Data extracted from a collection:
◆ ◆ ◆ ◆

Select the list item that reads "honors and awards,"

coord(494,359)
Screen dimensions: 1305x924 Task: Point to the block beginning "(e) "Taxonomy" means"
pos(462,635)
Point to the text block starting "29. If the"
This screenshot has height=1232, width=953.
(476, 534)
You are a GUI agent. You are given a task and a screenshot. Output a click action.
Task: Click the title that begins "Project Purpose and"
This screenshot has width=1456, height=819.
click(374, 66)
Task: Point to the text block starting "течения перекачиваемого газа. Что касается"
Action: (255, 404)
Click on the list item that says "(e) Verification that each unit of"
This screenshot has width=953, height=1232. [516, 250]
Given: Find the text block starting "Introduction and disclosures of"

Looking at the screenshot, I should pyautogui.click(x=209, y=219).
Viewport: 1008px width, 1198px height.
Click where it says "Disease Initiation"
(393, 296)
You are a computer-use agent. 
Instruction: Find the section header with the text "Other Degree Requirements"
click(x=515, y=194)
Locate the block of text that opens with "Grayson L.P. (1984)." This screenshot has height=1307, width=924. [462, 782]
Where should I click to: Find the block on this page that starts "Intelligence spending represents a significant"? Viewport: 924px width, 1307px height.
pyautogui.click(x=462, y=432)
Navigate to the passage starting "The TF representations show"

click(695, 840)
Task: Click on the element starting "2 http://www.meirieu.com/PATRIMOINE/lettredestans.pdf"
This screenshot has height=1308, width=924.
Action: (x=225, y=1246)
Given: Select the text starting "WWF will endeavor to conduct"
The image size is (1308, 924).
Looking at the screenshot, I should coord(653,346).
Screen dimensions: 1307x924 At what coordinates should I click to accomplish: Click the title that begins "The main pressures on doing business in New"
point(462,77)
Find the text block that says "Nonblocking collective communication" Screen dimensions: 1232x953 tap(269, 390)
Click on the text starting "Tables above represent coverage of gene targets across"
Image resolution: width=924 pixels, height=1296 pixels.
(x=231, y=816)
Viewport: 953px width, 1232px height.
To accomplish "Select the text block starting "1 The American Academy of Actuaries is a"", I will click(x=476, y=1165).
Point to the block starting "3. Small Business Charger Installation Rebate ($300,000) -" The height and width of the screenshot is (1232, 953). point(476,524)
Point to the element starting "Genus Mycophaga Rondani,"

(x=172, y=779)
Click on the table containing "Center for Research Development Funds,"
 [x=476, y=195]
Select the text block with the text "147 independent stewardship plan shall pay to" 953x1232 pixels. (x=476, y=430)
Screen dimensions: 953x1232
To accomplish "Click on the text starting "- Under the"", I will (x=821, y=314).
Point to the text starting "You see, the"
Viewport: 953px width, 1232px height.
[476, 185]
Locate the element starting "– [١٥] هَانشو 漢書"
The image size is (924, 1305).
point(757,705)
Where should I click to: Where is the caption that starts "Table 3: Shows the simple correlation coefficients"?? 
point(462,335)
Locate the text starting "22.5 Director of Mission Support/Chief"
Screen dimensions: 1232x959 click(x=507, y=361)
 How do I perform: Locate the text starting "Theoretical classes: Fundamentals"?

◆ ◆ ◆ ◆

◆ **ASSIGNED TASK**: Only the lines from the one containing "Screen dimensions: 1307x924" through the final line above should be duplicated, exactly as they stand.

◆ **ANSWER SECTION**:
Screen dimensions: 1307x924 At what coordinates should I click to accomplish: Click the title that begins "The main pressures on doing business in New"
point(462,77)
Find the text block that says "Nonblocking collective communication" Screen dimensions: 1232x953 tap(269, 390)
Click on the text starting "Tables above represent coverage of gene targets across"
Image resolution: width=924 pixels, height=1296 pixels.
(x=231, y=816)
Viewport: 953px width, 1232px height.
To accomplish "Select the text block starting "1 The American Academy of Actuaries is a"", I will click(x=476, y=1165).
Point to the block starting "3. Small Business Charger Installation Rebate ($300,000) -" The height and width of the screenshot is (1232, 953). point(476,524)
Point to the element starting "Genus Mycophaga Rondani,"

(x=172, y=779)
Click on the table containing "Center for Research Development Funds,"
 [x=476, y=195]
Select the text block with the text "147 independent stewardship plan shall pay to" 953x1232 pixels. (x=476, y=430)
Screen dimensions: 953x1232
To accomplish "Click on the text starting "- Under the"", I will (x=821, y=314).
Point to the text starting "You see, the"
Viewport: 953px width, 1232px height.
[476, 185]
Locate the element starting "– [١٥] هَانشو 漢書"
The image size is (924, 1305).
point(757,705)
Where should I click to: Where is the caption that starts "Table 3: Shows the simple correlation coefficients"?? 
point(462,335)
Locate the text starting "22.5 Director of Mission Support/Chief"
Screen dimensions: 1232x959 click(x=507, y=361)
 How do I perform: Locate the text starting "Theoretical classes: Fundamentals"?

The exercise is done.